Nella sua assurdità sembra essere, fortunatamente, un caso isolato: tuttavia il rischio di emulazione è concreto. Purtroppo questo è un elemento collaterale dell’autopubblicazione, che, se realizzata in un certo modo, ribalta i ruoli: il cliente non è più l’acquirente ma l’autore. Quindi, qualsiasi cosa può essere messa in commercio perché non importa se qualcuno la comprerà (anzi, non è neanche detto) ma solo che sia in vendita (tanto, non serve neanche investire in una tiratura, né nell’artwork, né nell’editing, né nella promozione). Questo potrebbe anche essere innocuo, se non fosse che questi titoli arrivano anche sul mercato digitale “standard” dove si confondono con i titoli reali che non sono solo ebook, ma anche print-on-demand. E qui si aprono tre possibilità. La prima è quella degli autori di testi davvero rivoluzionari scartati per miopia, caso non impossibile (per quanto improbabile) che tipicamente poi conduce a una pubblicazione più seria. La seconda riguarda i prodotti della folla di "geni incompresi" convinti di far parte della prima categoria poiché boicottati dalla cricca dell’editoria. La terza è ovviamente quella dei disonesti che hanno individuato un varco non presidiato. Questo fenomeno esisteva anche con la carta stampata (Umberto Eco aveva analizzato la cosa in un magnifico articolo del 1970) ma Internet ha aggiunto un ulteriore passaggio, permettendo finalmente di avere negozi che vendono l’autopubblicazione accanto agli editori reali. In ambito musicale, basterebbe pensare ai testi di Bianchini e Trombetta, che tramite questi canali vengono venduti a legioni di sprovveduti (devo ancora capire se consciamente o inconsciamente) che non si accorgono di leggere dimostrazioni inconsistenti ma totalmente finalizzate a tesi preconcette. Il mercato editoriale tuttavia è – secondo me – più al sicuro rispetto a quello discografico: dato che il danno potenziale dipende essenzialmente dalla capacità di discernere dell’utente (la cultura aiuta anche a difendersi dalle fregature) questo è più semplice da valutare su un libro stampato che su di una registrazione che magari si ascolta in streaming.

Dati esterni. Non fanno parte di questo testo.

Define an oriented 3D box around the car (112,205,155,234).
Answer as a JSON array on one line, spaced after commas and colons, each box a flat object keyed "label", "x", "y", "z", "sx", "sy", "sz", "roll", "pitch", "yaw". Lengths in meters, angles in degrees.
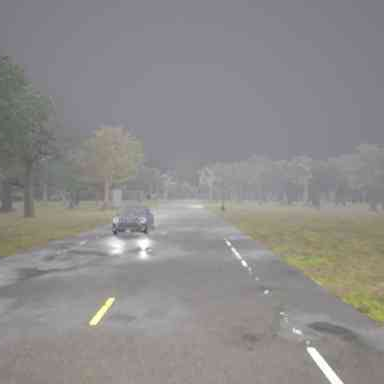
[{"label": "car", "x": -3.598, "y": 1.640, "z": 21.005, "sx": 2.097, "sy": 1.767, "sz": 4.553, "roll": 0, "pitch": -1, "yaw": 0}]
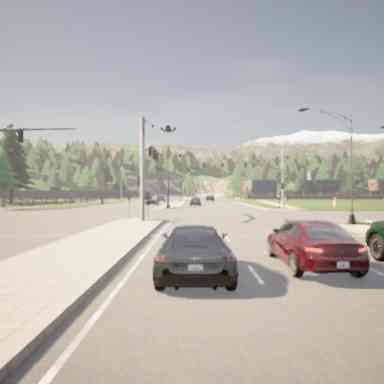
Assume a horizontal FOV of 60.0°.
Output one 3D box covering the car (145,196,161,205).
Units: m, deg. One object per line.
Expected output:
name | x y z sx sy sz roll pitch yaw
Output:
car | -7.379 1.779 61.225 1.895 1.301 4.718 0 0 1

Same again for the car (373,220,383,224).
car | 7.064 1.249 9.163 2.150 2.045 5.566 0 0 0

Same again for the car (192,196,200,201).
car | 0.999 1.671 83.583 1.895 1.301 4.718 0 0 1

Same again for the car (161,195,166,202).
car | -7.105 1.588 76.956 1.837 1.490 4.892 0 0 1

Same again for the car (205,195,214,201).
car | 4.498 1.431 83.472 2.097 1.767 4.553 0 0 1

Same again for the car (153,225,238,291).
car | 0.071 1.591 9.125 1.994 1.385 4.181 0 0 0

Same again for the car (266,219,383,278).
car | 3.571 1.555 10.121 1.812 1.442 4.674 0 0 0

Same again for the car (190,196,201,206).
car | 0.604 1.733 58.127 1.994 1.385 4.181 0 0 1
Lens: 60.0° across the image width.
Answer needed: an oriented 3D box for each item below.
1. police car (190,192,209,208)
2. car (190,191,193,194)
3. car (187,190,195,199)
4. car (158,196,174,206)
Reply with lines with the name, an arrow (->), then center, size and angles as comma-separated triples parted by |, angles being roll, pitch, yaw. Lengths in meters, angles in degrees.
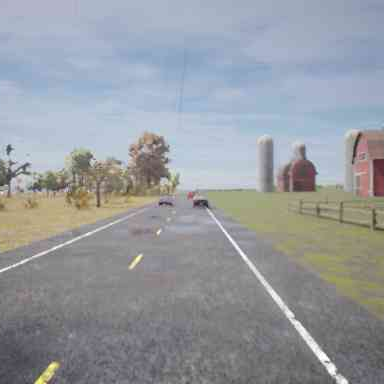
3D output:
police car -> 1.052, 1.112, 40.861 | 1.930, 1.638, 5.238 | 0, 0, 0
car -> 1.053, 1.011, 56.941 | 1.801, 1.575, 5.366 | 0, 0, 0
car -> 0.005, 0.609, 76.091 | 2.150, 2.045, 5.566 | 0, 0, 0
car -> -3.546, 1.194, 45.778 | 2.033, 1.411, 5.357 | 0, 0, 1
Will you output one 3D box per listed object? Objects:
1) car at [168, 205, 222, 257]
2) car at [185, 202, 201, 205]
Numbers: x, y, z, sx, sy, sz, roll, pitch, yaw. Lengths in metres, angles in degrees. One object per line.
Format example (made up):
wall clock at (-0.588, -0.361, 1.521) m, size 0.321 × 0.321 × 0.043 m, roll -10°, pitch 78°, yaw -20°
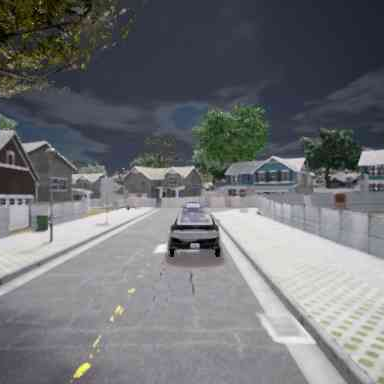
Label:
car at (0.097, 1.488, 13.003) m, size 2.128 × 1.511 × 4.902 m, roll 0°, pitch 0°, yaw 0°
car at (0.093, 1.519, 27.573) m, size 1.812 × 1.442 × 4.674 m, roll 0°, pitch 0°, yaw 0°
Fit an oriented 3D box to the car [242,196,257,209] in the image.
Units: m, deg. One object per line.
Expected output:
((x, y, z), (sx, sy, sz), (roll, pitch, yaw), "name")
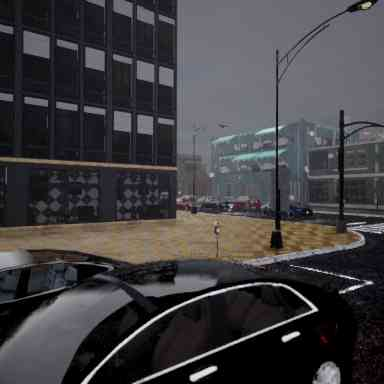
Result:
((6.035, 1.130, 38.665), (1.967, 1.590, 4.097), (1, 0, -36), "car")

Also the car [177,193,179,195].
((-3.099, 1.131, 41.329), (1.994, 1.385, 4.181), (0, 1, -36), "car")

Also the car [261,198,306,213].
((9.311, 1.340, 34.189), (1.802, 1.307, 4.206), (1, 0, -36), "car")

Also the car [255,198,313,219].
((7.561, 1.355, 26.762), (1.994, 1.385, 4.181), (0, 1, -36), "car")

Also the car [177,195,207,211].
((-0.728, 1.231, 33.712), (1.802, 1.307, 4.206), (1, 0, -36), "car")

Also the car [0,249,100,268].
((-2.715, 1.566, 4.618), (4.313, 1.339, 1.947), (0, 0, -35), "car")

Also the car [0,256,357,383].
((-0.373, 1.505, 3.111), (4.892, 1.490, 1.837), (0, 0, -35), "car")

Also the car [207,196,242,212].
((2.324, 1.173, 33.918), (2.128, 1.511, 4.902), (0, 1, -36), "car")

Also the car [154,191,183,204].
((-3.794, 0.794, 52.085), (2.192, 1.841, 5.009), (1, 0, -36), "car")
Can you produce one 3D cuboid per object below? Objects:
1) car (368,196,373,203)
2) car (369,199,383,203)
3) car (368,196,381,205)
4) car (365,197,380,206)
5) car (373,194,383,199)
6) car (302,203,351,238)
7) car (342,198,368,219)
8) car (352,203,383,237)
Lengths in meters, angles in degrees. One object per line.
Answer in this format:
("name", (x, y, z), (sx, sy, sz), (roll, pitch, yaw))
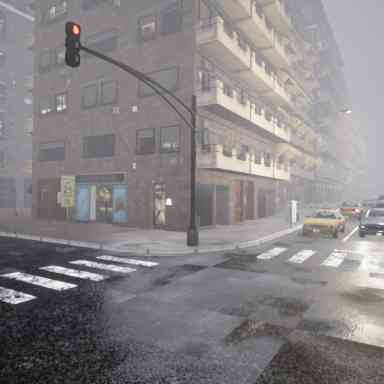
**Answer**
("car", (24.924, 1.577, 46.959), (1.887, 1.381, 4.507), (1, 1, 31))
("car", (15.159, 1.543, 26.010), (1.812, 1.442, 4.674), (0, 0, 32))
("car", (33.747, 1.486, 61.406), (1.967, 1.590, 4.097), (1, 1, 31))
("car", (30.805, 1.592, 56.591), (2.008, 1.369, 4.403), (1, 1, 31))
("car", (20.781, 1.246, 35.158), (2.150, 2.045, 5.566), (0, 0, 32))
("car", (7.193, 1.535, 17.918), (1.752, 1.417, 4.829), (1, 1, 31))
("car", (13.163, 1.457, 27.695), (1.967, 1.590, 4.097), (1, 1, 31))
("car", (9.991, 1.559, 17.561), (2.033, 1.411, 5.357), (0, 0, 31))
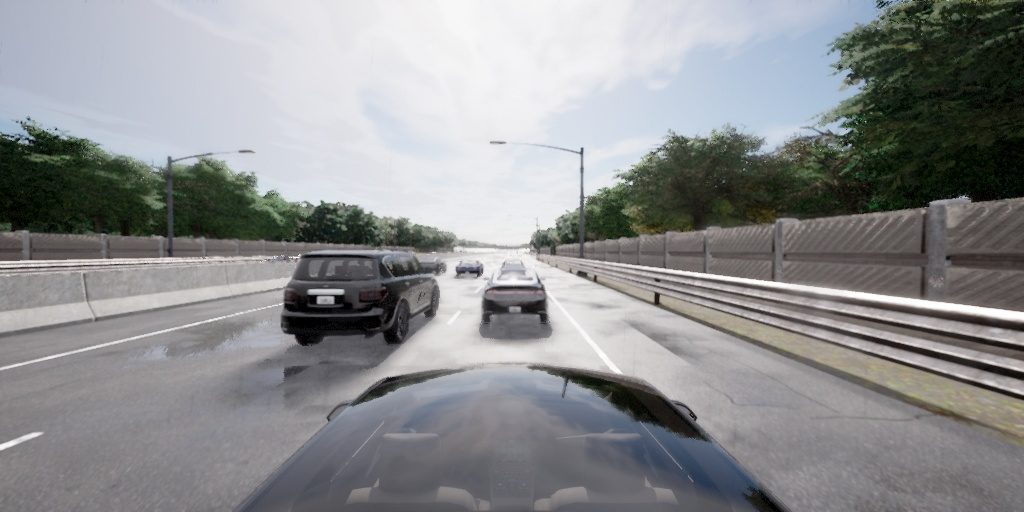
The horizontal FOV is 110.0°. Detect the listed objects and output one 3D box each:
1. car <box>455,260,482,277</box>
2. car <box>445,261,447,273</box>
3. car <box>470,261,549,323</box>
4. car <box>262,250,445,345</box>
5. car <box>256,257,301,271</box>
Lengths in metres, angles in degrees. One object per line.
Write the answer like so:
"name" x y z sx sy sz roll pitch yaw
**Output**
"car" -3.405 0.947 29.645 1.895 1.301 4.718 0 1 0
"car" -6.904 0.817 31.136 2.128 1.511 4.902 0 1 0
"car" 0.084 1.103 11.460 2.128 1.511 4.902 0 1 0
"car" -3.425 0.863 9.276 2.150 2.045 5.566 0 1 0
"car" -24.587 0.790 37.981 1.994 1.385 4.181 0 1 0
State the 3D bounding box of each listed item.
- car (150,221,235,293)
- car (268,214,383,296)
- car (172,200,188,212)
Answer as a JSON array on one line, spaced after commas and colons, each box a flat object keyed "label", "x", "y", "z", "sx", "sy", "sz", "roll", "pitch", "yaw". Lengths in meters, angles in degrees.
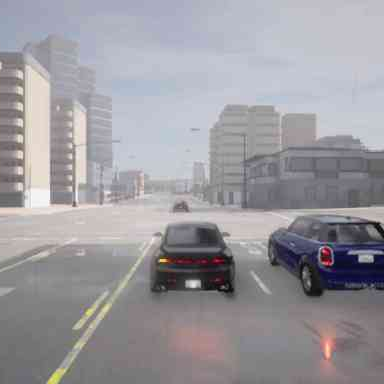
[{"label": "car", "x": 0.001, "y": 1.526, "z": 8.870, "sx": 1.837, "sy": 1.490, "sz": 4.892, "roll": 0, "pitch": 0, "yaw": -1}, {"label": "car", "x": 3.497, "y": 1.372, "z": 8.850, "sx": 2.097, "sy": 1.767, "sz": 4.553, "roll": 0, "pitch": 0, "yaw": -1}, {"label": "car", "x": -1.482, "y": 1.715, "z": 42.453, "sx": 1.812, "sy": 1.442, "sz": 4.674, "roll": 0, "pitch": -1, "yaw": -3}]
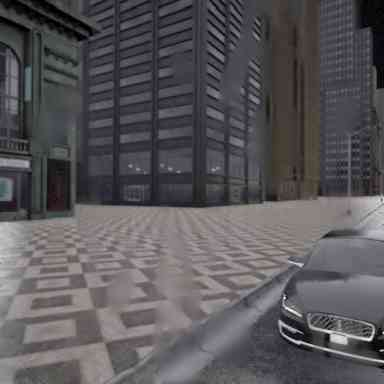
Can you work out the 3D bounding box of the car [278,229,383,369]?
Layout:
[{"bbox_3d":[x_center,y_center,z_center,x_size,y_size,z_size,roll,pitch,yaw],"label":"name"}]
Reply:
[{"bbox_3d":[3.040,1.506,6.023,1.837,1.490,4.892,0,0,32],"label":"car"}]
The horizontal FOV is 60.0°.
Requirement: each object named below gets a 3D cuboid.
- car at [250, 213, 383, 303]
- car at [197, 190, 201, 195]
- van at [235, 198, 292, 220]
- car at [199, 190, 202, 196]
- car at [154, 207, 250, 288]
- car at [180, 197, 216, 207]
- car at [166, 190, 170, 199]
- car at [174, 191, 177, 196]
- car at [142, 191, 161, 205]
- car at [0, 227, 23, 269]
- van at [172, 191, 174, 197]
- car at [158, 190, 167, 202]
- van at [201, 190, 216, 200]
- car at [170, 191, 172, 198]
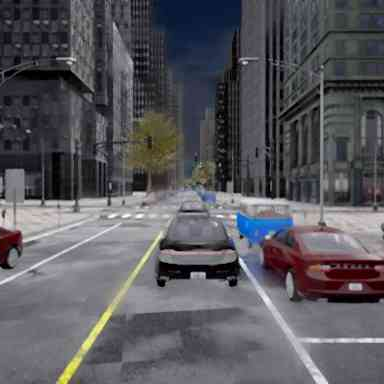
[{"bbox_3d":[2.777,1.449,7.872,1.887,1.381,4.507,0,1,0],"label":"car"},{"bbox_3d":[2.753,0.720,73.030,2.008,1.369,4.403,0,1,0],"label":"car"},{"bbox_3d":[2.778,1.180,13.394,1.690,1.788,3.998,0,1,0],"label":"van"},{"bbox_3d":[2.755,0.831,62.204,1.887,1.381,4.507,0,1,0],"label":"car"},{"bbox_3d":[0.101,1.384,8.908,2.128,1.511,4.902,0,1,0],"label":"car"},{"bbox_3d":[0.082,1.267,18.797,2.128,1.511,4.902,0,1,1],"label":"car"},{"bbox_3d":[-5.769,0.605,61.846,2.192,1.841,5.009,0,1,0],"label":"car"},{"bbox_3d":[-5.774,0.574,88.291,1.947,1.339,4.313,0,1,0],"label":"car"},{"bbox_3d":[-5.773,0.993,45.809,1.752,1.417,4.829,0,1,0],"label":"car"},{"bbox_3d":[-5.778,1.449,7.889,1.887,1.381,4.507,0,1,0],"label":"car"},{"bbox_3d":[-5.772,0.461,77.712,1.690,1.788,3.998,0,1,0],"label":"van"},{"bbox_3d":[-5.769,0.893,56.559,1.887,1.381,4.507,0,1,0],"label":"car"},{"bbox_3d":[2.758,0.747,51.377,1.690,1.788,3.998,0,1,0],"label":"van"},{"bbox_3d":[-5.771,0.783,67.137,2.008,1.369,4.403,0,1,0],"label":"car"}]
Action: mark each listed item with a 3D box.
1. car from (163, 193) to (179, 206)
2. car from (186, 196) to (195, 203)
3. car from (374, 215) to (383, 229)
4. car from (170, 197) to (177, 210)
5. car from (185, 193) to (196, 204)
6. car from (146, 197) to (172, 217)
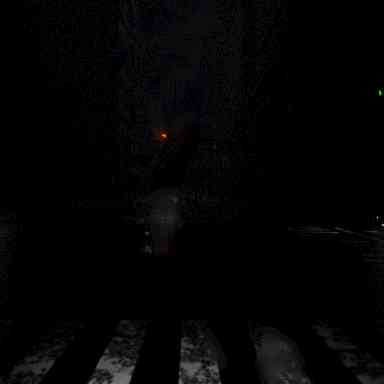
[{"bbox_3d":[-3.286,1.211,52.200,2.150,2.045,5.566,0,0,0],"label":"car"},{"bbox_3d":[-0.242,1.584,73.075,1.895,1.301,4.718,0,0,0],"label":"car"},{"bbox_3d":[13.487,1.653,19.654,4.718,1.301,1.895,0,1,0],"label":"car"},{"bbox_3d":[-3.261,1.592,41.610,1.895,1.301,4.718,0,0,0],"label":"car"},{"bbox_3d":[-0.121,1.480,62.628,2.128,1.511,4.902,0,0,0],"label":"car"},{"bbox_3d":[-3.221,1.519,31.650,1.812,1.442,4.674,0,0,-1],"label":"car"}]
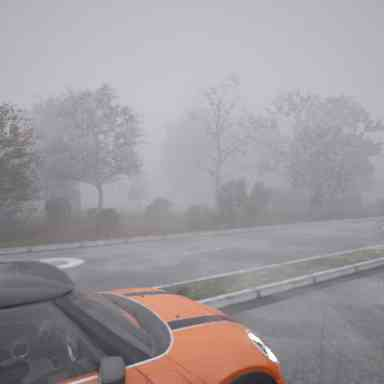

Un consiglio per i musicisti, ma anche per gli appassionati che magari rischiano di acquistare un prodotto fasullo, per difendersi da queste situazioni?
I musicisti possono far ben poco, a parte ovviamente far circolare queste informazioni tra i colleghi e gli addetti ai lavori: tuttavia sarebbe utile che facessero pressione sugli aventi diritto perché intervengano nelle sedi adeguate. Per quanto riguarda gli appassionati, io rimango dell’idea che l’endorsement dato da un marchio rilevante sia comunque determinante: implica un processo di selezione e una assunzione di rischio che porta alla pubblicazione sotto un marchio importante. Tuttavia, servirebbe selezione e attenzione anche da parte di chi vende (quale negozio avrebbe messo in assortimento un intero catalogo “uscito dal nulla”?). Sarò un nostalgico, ma penso che molta della “morte” dell’ascolto musicale sia non solo un fatto culturale ma anche un fatto sociale: una certa atarassia che non ci fa provare grandi emozioni su nuove produzioni che lo meriterebbero, altrettanto, non ci fa arrabbiare quando ci imbattiamo in qualcosa di fatto male (se non addirittura di truffaldino), forse perché abbiamo un comodo rifugio nel passato. Se ci convincessimo tutti che la sopravvivenza della musica passa anche dalle nostre mani, faremmo del bene, a noi e alla cultura.